> _YOUR GOAL_: Please repeat every record exactly, leaving out any pictures.

*** TASK MATERIAL ***

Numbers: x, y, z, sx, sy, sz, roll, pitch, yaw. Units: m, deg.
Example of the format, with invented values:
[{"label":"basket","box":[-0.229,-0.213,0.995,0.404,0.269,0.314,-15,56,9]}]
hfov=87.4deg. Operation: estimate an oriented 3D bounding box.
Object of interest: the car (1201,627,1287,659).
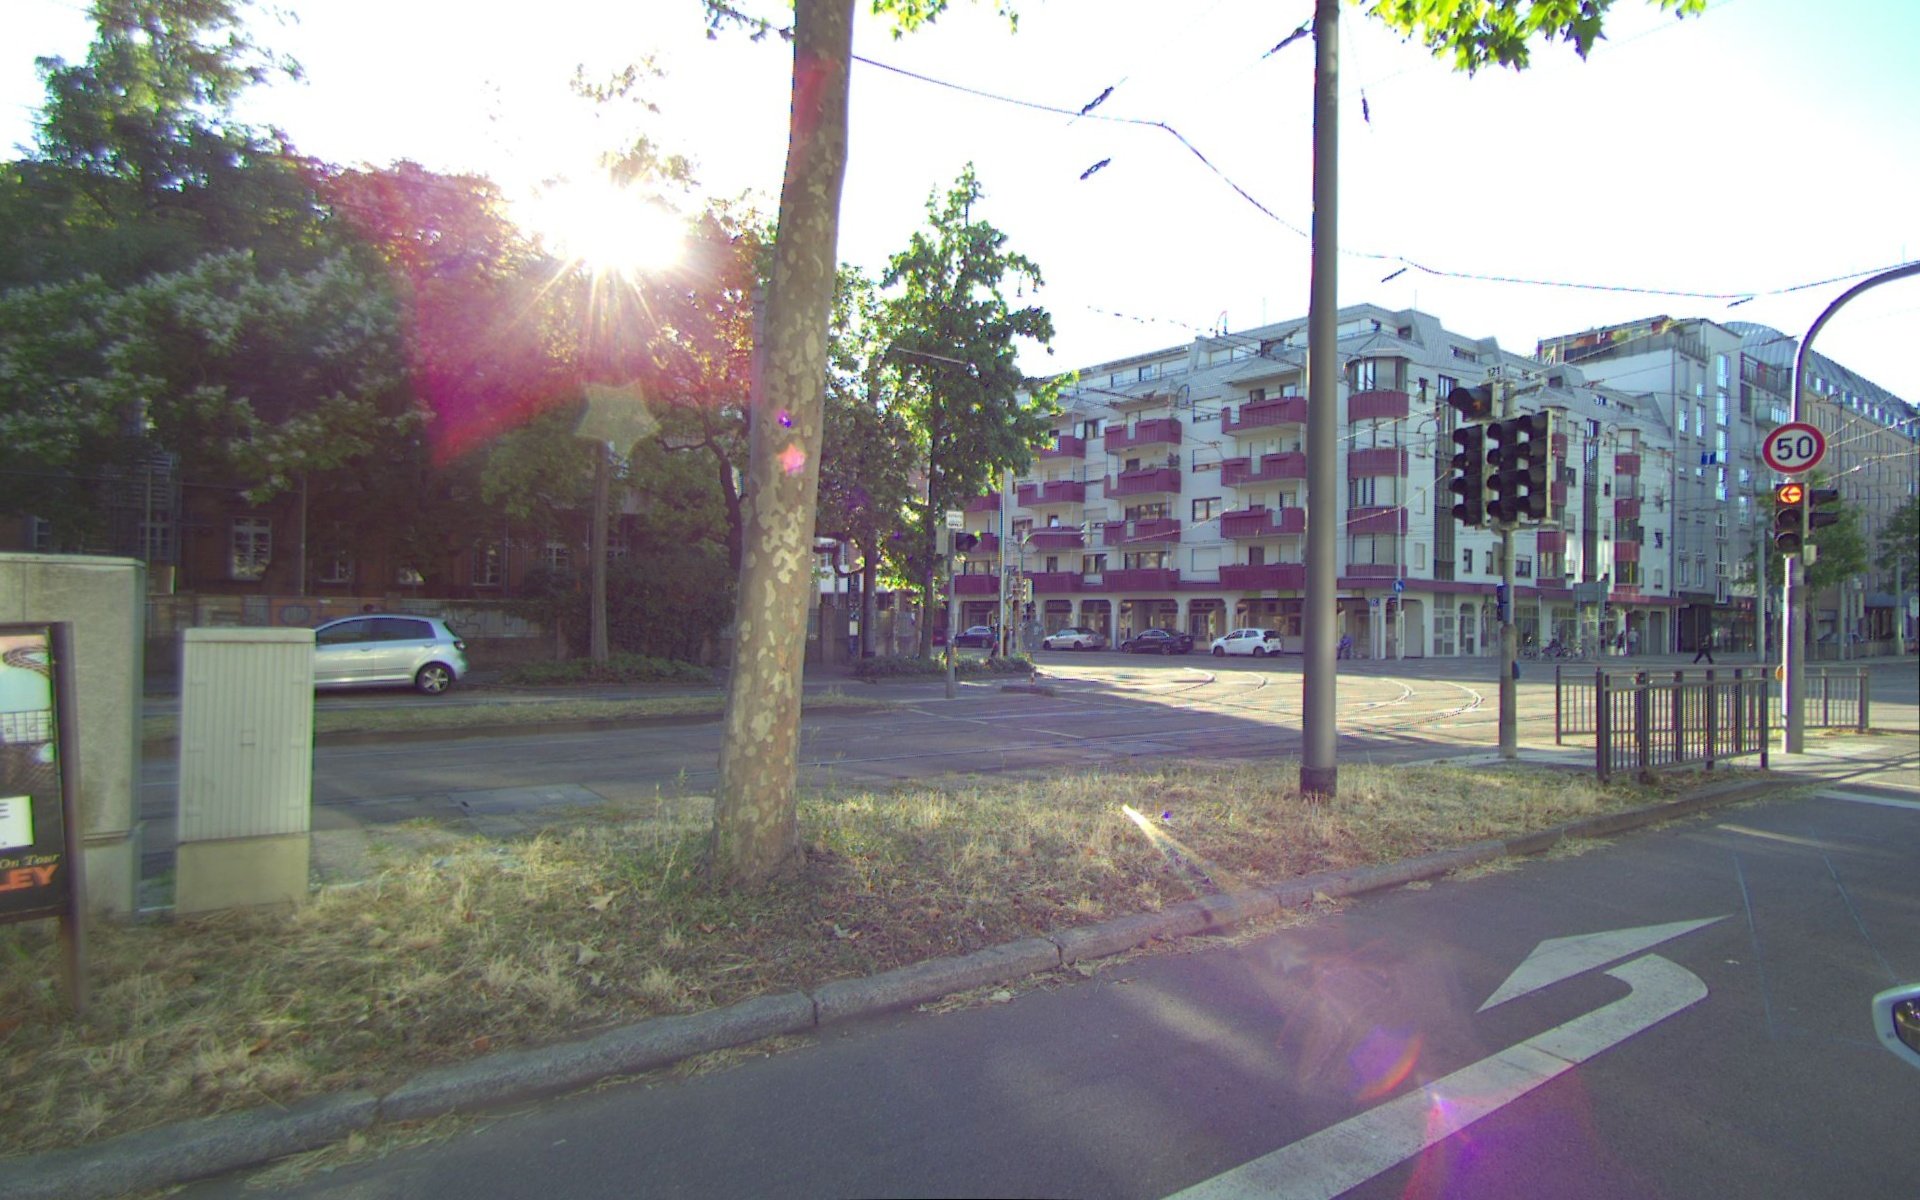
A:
[{"label":"car","box":[14.891,2.213,52.761,1.986,1.576,3.950,2,-2,-42]}]

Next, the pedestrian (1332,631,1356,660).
[{"label":"pedestrian","box":[19.104,2.252,49.940,0.848,1.402,0.831,0,-1,45]}]

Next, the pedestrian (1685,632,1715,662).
[{"label":"pedestrian","box":[38.344,2.430,52.036,0.684,1.564,1.045,1,-1,-19]}]

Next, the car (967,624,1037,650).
[{"label":"car","box":[2.721,2.417,66.230,1.986,1.576,4.527,2,-2,-42]}]

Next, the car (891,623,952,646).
[{"label":"car","box":[-2.811,2.449,72.202,1.986,1.576,4.527,2,-2,-42]}]

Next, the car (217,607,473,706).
[{"label":"car","box":[-11.955,1.042,19.621,4.062,1.641,2.065,2,1,-38]}]

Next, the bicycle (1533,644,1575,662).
[{"label":"bicycle","box":[30.410,2.694,51.446,0.547,0.865,1.833,1,-1,-32]}]

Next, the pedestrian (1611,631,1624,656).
[{"label":"pedestrian","box":[41.542,2.740,63.487,0.582,1.514,0.530,1,-1,-38]}]

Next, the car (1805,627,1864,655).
[{"label":"car","box":[55.851,2.606,64.121,4.219,1.695,1.942,1,-1,-36]}]

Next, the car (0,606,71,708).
[{"label":"car","box":[-16.900,0.871,15.633,4.418,1.522,2.065,2,1,-38]}]

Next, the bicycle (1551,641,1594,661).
[{"label":"bicycle","box":[31.979,2.654,52.451,0.548,0.998,1.830,1,-1,-36]}]

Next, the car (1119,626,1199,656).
[{"label":"car","box":[11.161,2.271,56.605,1.986,1.576,4.072,2,-2,-42]}]

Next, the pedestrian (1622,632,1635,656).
[{"label":"pedestrian","box":[41.939,2.750,63.042,0.582,1.514,0.530,1,-1,-38]}]

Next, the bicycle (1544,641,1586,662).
[{"label":"bicycle","box":[31.423,2.676,52.200,0.548,0.998,1.830,1,-1,-36]}]

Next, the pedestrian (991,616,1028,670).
[{"label":"pedestrian","box":[1.655,1.430,33.549,1.010,1.775,0.728,1,-1,-38]}]

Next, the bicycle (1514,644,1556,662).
[{"label":"bicycle","box":[29.493,2.689,51.525,0.547,0.865,1.833,1,-1,-32]}]

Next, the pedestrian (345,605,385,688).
[{"label":"pedestrian","box":[-12.370,0.958,20.894,0.626,1.687,0.563,1,1,-37]}]

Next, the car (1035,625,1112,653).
[{"label":"car","box":[6.888,2.354,61.192,1.986,1.576,4.527,2,-2,-42]}]

*** End of TASK MATERIAL ***

> _EXERCISE SOLUTION_:
Numbers: x, y, z, sx, sy, sz, roll, pitch, yaw. Units: m, deg.
Example of the format, with invented values:
[{"label":"basket","box":[-0.229,-0.213,0.995,0.404,0.269,0.314,-15,56,9]}]
hfov=87.4deg. Operation: estimate an oriented 3D bounding box.
Object of interest: the car (1201,627,1287,659).
A:
[{"label":"car","box":[14.891,2.213,52.761,1.986,1.576,3.950,2,-2,-42]}]

Next, the pedestrian (1332,631,1356,660).
[{"label":"pedestrian","box":[19.104,2.252,49.940,0.848,1.402,0.831,0,-1,45]}]

Next, the pedestrian (1685,632,1715,662).
[{"label":"pedestrian","box":[38.344,2.430,52.036,0.684,1.564,1.045,1,-1,-19]}]

Next, the car (967,624,1037,650).
[{"label":"car","box":[2.721,2.417,66.230,1.986,1.576,4.527,2,-2,-42]}]

Next, the car (891,623,952,646).
[{"label":"car","box":[-2.811,2.449,72.202,1.986,1.576,4.527,2,-2,-42]}]

Next, the car (217,607,473,706).
[{"label":"car","box":[-11.955,1.042,19.621,4.062,1.641,2.065,2,1,-38]}]

Next, the bicycle (1533,644,1575,662).
[{"label":"bicycle","box":[30.410,2.694,51.446,0.547,0.865,1.833,1,-1,-32]}]

Next, the pedestrian (1611,631,1624,656).
[{"label":"pedestrian","box":[41.542,2.740,63.487,0.582,1.514,0.530,1,-1,-38]}]

Next, the car (1805,627,1864,655).
[{"label":"car","box":[55.851,2.606,64.121,4.219,1.695,1.942,1,-1,-36]}]

Next, the car (0,606,71,708).
[{"label":"car","box":[-16.900,0.871,15.633,4.418,1.522,2.065,2,1,-38]}]

Next, the bicycle (1551,641,1594,661).
[{"label":"bicycle","box":[31.979,2.654,52.451,0.548,0.998,1.830,1,-1,-36]}]

Next, the car (1119,626,1199,656).
[{"label":"car","box":[11.161,2.271,56.605,1.986,1.576,4.072,2,-2,-42]}]

Next, the pedestrian (1622,632,1635,656).
[{"label":"pedestrian","box":[41.939,2.750,63.042,0.582,1.514,0.530,1,-1,-38]}]

Next, the bicycle (1544,641,1586,662).
[{"label":"bicycle","box":[31.423,2.676,52.200,0.548,0.998,1.830,1,-1,-36]}]

Next, the pedestrian (991,616,1028,670).
[{"label":"pedestrian","box":[1.655,1.430,33.549,1.010,1.775,0.728,1,-1,-38]}]

Next, the bicycle (1514,644,1556,662).
[{"label":"bicycle","box":[29.493,2.689,51.525,0.547,0.865,1.833,1,-1,-32]}]

Next, the pedestrian (345,605,385,688).
[{"label":"pedestrian","box":[-12.370,0.958,20.894,0.626,1.687,0.563,1,1,-37]}]

Next, the car (1035,625,1112,653).
[{"label":"car","box":[6.888,2.354,61.192,1.986,1.576,4.527,2,-2,-42]}]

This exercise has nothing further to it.